Because the parties involved negotiate the capital commitment and binding valuation before the transaction closes and SPACs can’t be traded as much or to as many people as IPO shares, their price can be determined much sooner which provides greater predictability to investors—particularly in volatile markets—whereas the IPO price depends upon the market conditions at the time of listing. 

There is also a control issue as in a traditional IPO, the targets cede the valuation process to the underwriters who directly solicit and manage potential investors. That control issue should not be underestimated as it points to a deeper problem in traditional IPOs: the inherent conflict of interest between underwriters and customers. 

Oftentimes, underwriters have a one-off and transactional relationship with companies that are looking to go public but an ongoing relationship with their regular investors. Therefore, the underwriters are in a position to leverage their control over the allocation of shares to reward their most important clients by setting an initial price below the market’s actual valuation and thereby providing higher returns to their buying customers and themselves. This is detrimental to the companies and part of the reason for the growing appeal of SPACs as an alternative.

Like all investment mechanisms, SPACs are not without risks and disadvantages. Lack of transparency is a key consideration as with SPACs, the investor does not know what company they are investing and is therefore in the dark regarding the cash flows, opportunities and marketing potential of the business that they are investing in. 

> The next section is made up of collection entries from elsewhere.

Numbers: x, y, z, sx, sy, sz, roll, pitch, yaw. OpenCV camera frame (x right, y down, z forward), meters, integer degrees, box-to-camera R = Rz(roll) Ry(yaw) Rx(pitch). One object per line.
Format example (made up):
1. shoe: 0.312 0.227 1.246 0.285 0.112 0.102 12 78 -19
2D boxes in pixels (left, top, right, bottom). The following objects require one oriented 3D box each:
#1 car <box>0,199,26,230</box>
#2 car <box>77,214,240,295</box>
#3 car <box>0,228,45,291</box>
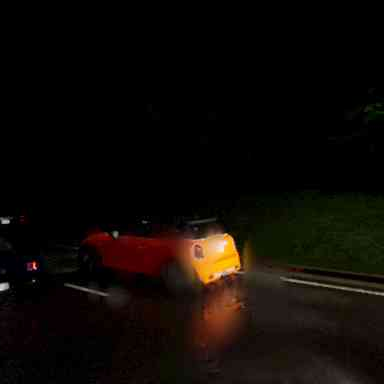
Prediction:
1. car: -9.903 1.334 15.358 5.566 2.045 2.150 0 0 36
2. car: -1.073 1.390 9.062 4.553 1.767 2.097 -1 0 36
3. car: -5.681 1.660 8.046 4.718 1.301 1.895 0 0 35
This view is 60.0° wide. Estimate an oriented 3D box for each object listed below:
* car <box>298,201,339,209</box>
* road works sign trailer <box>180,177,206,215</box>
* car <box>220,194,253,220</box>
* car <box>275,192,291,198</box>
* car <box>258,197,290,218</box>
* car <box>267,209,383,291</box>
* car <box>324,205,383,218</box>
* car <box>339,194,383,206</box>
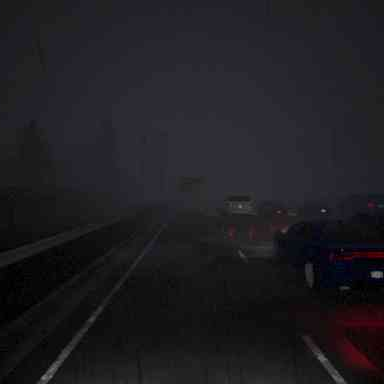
[{"bbox_3d":[10.595,1.476,28.829,1.994,1.385,4.181,0,0,0],"label":"car"},{"bbox_3d":[-0.006,0.366,32.078,2.380,3.560,2.880,0,0,0],"label":"road works sign trailer"},{"bbox_3d":[3.596,1.137,27.463,2.150,2.045,5.566,0,0,0],"label":"car"},{"bbox_3d":[22.906,0.959,83.194,3.866,1.878,1.905,0,0,0],"label":"car"},{"bbox_3d":[7.095,1.435,29.423,1.812,1.442,4.674,0,0,0],"label":"car"},{"bbox_3d":[3.598,1.450,8.940,1.882,1.535,5.008,0,0,0],"label":"car"},{"bbox_3d":[7.098,1.465,12.796,1.837,1.490,4.892,0,0,0],"label":"car"},{"bbox_3d":[14.096,1.137,27.507,2.150,2.045,5.566,0,0,0],"label":"car"}]

Shareholder dilution is also an important consideration. SPAC sponsors usually own a 20% stake in the SPAC through founder shares as well as warrants to purchase more shares. In addition, SPAC sponsors benefit from an earnout component that allows them to receive more shares when the stock prices achieve a specified target over a certain time frame which can lead to even more shareholder dilution. 

The speed advantages of the SPAC process can also be detrimental as it also means there is a compressed timeline for public company readiness. The SPAC sponsor may offer assistance during the merger process but generally, the target company absorbs the bulk of the work involved in preparing the required SEC filing and other public company functions such as investor relations and internal controls within a much shorter deadline than is typically required under an IPO. 

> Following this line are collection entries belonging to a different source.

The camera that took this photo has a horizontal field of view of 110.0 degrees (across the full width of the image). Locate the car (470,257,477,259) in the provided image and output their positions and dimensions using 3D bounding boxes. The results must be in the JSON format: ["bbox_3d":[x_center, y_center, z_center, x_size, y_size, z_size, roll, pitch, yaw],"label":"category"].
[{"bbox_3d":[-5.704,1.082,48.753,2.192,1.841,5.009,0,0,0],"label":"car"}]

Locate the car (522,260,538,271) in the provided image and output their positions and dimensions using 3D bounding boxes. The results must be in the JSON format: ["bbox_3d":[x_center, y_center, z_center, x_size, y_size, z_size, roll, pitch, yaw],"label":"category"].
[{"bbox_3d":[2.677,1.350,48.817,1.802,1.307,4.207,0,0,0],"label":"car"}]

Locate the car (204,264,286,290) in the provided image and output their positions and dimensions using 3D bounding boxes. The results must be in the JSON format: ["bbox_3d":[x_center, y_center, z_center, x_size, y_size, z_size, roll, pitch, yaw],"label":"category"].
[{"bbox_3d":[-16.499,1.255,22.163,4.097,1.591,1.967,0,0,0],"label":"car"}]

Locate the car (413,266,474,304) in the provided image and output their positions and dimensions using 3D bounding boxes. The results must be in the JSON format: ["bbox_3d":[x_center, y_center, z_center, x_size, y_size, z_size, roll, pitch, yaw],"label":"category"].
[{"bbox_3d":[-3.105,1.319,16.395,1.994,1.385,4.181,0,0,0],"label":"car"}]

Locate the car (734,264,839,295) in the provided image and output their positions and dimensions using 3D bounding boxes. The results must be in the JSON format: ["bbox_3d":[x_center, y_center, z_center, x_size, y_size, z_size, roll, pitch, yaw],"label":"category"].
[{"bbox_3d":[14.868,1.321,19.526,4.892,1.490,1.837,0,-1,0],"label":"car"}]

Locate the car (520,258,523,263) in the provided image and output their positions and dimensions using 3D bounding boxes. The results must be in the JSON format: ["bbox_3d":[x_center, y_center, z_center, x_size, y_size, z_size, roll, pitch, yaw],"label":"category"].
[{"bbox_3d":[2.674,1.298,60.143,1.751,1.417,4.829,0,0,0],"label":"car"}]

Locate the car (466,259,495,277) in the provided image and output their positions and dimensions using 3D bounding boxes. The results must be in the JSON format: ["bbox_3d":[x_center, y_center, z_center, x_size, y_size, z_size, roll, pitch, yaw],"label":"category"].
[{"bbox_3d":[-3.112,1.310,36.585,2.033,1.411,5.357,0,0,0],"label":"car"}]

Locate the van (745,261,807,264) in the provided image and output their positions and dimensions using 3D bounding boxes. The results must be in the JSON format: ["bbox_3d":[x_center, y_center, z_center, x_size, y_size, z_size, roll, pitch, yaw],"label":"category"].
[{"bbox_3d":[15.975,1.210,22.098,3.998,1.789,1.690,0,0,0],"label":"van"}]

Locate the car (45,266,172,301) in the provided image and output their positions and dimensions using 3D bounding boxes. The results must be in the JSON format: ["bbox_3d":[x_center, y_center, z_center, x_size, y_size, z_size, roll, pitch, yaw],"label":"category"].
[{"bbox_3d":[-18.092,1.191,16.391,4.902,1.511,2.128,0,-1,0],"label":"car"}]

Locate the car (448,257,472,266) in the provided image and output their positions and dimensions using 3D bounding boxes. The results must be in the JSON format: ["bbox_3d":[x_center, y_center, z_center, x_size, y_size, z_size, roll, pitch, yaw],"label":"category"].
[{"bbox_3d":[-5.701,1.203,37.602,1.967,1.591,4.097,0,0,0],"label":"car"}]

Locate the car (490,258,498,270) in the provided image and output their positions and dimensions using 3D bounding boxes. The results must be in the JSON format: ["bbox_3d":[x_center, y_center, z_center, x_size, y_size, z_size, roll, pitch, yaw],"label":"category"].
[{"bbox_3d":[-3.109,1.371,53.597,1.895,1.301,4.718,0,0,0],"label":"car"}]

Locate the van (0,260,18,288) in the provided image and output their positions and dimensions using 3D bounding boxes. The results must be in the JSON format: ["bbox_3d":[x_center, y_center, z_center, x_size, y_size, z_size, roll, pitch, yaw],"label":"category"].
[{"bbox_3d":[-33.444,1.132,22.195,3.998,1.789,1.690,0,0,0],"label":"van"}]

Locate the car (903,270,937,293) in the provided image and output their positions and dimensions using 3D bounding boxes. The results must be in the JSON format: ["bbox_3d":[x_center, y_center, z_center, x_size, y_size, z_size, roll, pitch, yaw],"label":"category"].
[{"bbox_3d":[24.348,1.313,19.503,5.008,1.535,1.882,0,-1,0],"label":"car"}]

Another speed-related issue has to do with the fact that the imperative to acquire or merge with a company within 24 months or return the investors’ funds may lead managers to make shortsighted decisions that are more about using the money than doing that which is strategically and financially beneficial. 

In addition, the reduced regulatory requirements of the SPAC process and lack of an underwriter mean that stakeholders do not reap the benefits of the rigorous due diligence of a traditional IPO, which can lead to the need to provide restatements or even incorrectly valued businesses and lawsuits. 

While there are certainly conflicts of interest and cost issues intrinsic to leveraging an underwriter, there is also a potential opportunity cost of not doing so. Finally, SPACs also have conflicts of interest. A SPAC manager can acquire a company that a family member or associate owns; or overpay for a company that is line with their financial interests instead of those of the collective investor group.

Despite the increased interest in SPACs as a tool in entrepreneurial finance, they are not a panacea. Indeed, their actual market performance has lagged to date. For example, the price of one exchange-traded fund that tracks SPAC performance has sunk 37% between 2021 and March 2022 while the S&P 500 grew by approximately 18% during the same period. SPACs are no different from IPOs in that neither guarantee strong investor returns. They are simply a different modality of investing whose suitability is determined based upon the interests and strategic priorities of the investor. But the fundamentals are the fundamentals and they will always matter. In investing, particularly in the high-risk/high-reward arena of entrepreneurial finance, extensive due diligence will always be paramount.